What to produce:
If a line of the material holds the string "below", please copy it.

Data provided:
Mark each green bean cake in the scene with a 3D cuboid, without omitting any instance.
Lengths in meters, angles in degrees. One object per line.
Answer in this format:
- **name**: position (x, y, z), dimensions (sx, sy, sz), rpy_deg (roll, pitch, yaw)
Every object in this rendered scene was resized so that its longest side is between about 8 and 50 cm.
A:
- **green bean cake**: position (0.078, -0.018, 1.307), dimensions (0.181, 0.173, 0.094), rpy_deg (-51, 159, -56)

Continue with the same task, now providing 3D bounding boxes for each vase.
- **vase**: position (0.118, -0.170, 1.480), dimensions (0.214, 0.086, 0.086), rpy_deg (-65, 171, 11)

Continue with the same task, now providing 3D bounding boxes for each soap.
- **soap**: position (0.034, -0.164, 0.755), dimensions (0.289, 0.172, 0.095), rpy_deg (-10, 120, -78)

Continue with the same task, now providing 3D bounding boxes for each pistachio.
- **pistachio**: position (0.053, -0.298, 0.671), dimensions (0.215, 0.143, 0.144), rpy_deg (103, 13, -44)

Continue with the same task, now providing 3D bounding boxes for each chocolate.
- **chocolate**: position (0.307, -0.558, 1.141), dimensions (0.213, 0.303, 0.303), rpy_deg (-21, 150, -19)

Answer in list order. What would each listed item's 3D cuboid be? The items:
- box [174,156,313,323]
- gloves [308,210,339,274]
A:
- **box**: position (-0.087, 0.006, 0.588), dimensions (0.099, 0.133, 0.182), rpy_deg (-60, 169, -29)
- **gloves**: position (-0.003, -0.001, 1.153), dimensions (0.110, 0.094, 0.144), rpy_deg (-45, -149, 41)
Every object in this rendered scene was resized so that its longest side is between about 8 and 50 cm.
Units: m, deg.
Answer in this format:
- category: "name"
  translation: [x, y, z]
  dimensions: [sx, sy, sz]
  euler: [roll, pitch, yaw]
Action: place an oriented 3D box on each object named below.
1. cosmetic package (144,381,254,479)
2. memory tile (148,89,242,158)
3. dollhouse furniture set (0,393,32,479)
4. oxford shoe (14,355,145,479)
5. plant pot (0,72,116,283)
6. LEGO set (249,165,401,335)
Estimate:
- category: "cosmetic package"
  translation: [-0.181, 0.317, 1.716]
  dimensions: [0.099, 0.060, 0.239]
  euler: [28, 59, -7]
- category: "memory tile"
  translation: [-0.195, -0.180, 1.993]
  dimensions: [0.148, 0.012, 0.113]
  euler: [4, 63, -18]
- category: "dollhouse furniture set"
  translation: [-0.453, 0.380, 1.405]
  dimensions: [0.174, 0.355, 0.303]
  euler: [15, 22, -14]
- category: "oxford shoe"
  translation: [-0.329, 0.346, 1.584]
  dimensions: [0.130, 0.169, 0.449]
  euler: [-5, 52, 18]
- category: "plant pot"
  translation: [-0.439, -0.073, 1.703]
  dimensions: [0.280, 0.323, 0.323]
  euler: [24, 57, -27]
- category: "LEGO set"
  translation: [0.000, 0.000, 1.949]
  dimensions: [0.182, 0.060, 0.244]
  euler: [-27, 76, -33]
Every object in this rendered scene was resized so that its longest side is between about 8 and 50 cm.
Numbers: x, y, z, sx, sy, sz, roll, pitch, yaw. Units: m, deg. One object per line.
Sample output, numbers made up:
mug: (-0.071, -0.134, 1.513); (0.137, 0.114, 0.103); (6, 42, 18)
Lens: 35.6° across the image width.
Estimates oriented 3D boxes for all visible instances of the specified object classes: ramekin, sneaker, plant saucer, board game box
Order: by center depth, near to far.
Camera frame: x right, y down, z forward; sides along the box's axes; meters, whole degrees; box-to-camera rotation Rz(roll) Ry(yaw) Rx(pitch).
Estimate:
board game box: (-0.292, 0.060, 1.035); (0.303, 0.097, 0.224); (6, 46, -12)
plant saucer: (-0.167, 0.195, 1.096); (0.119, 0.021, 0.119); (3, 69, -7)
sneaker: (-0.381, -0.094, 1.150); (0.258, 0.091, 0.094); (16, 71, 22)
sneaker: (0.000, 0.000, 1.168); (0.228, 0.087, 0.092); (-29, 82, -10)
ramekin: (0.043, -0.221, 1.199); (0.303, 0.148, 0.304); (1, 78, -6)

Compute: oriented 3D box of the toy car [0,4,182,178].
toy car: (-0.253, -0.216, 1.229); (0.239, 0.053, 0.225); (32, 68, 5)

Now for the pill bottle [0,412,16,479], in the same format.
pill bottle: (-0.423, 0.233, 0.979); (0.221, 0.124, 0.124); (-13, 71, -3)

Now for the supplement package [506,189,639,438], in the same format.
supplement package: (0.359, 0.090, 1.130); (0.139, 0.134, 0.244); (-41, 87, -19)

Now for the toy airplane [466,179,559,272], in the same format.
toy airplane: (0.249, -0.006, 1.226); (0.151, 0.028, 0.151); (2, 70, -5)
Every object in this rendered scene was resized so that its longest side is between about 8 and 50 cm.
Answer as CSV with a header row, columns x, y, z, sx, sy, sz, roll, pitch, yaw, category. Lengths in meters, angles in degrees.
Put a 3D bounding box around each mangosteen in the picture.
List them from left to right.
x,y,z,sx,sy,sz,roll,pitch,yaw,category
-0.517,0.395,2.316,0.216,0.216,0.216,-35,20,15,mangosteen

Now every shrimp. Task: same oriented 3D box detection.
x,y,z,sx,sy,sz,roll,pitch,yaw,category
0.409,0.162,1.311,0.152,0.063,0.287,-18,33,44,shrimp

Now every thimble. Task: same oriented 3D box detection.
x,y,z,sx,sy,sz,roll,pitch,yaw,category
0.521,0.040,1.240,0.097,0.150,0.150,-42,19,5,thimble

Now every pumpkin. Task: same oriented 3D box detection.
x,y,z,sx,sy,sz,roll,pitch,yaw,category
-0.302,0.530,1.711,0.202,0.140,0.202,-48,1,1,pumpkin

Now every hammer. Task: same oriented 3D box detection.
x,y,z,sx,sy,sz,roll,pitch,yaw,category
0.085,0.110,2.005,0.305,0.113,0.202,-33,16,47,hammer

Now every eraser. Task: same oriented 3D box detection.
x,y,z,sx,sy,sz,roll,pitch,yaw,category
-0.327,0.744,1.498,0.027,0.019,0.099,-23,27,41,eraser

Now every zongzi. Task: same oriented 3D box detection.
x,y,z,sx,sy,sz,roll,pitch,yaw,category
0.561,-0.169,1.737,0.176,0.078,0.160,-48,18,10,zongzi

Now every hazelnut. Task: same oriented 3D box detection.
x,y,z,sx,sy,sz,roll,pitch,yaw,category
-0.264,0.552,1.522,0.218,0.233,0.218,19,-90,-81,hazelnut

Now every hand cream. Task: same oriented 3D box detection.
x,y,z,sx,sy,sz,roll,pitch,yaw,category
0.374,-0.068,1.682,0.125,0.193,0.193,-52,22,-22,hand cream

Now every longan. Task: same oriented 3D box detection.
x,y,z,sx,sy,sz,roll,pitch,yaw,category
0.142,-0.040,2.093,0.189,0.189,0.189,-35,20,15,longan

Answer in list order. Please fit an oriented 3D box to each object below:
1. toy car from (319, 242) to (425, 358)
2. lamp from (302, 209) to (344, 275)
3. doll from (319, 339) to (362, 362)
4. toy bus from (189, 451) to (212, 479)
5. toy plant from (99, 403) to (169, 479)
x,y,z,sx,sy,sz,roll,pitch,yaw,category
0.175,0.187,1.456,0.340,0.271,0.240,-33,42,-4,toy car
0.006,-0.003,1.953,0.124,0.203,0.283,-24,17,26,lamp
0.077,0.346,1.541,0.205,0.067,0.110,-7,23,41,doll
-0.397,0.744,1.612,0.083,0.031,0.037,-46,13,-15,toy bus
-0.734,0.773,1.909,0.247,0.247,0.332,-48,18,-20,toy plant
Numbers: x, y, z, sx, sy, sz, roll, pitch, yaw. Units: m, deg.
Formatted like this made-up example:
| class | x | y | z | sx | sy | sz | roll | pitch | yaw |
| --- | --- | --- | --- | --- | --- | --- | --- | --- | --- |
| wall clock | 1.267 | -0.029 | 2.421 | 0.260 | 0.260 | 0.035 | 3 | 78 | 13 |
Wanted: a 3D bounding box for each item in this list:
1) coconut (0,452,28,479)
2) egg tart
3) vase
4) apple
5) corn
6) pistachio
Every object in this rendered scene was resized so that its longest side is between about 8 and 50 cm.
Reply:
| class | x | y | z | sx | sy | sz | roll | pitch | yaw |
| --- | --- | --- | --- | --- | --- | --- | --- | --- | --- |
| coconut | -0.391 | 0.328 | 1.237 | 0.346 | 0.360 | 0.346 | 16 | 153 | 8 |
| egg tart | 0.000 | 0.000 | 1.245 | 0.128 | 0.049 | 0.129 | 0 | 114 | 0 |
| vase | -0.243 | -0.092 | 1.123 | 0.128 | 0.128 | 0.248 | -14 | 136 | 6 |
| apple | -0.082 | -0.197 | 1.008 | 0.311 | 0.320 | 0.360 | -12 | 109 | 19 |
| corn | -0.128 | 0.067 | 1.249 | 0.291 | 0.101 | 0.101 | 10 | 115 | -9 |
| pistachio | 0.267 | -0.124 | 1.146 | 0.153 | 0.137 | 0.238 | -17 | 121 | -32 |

Output of the exercise:
Action: place an oriented 3D box on each object named below.
Answer in list order. Please fit an oriented 3D box to each object below:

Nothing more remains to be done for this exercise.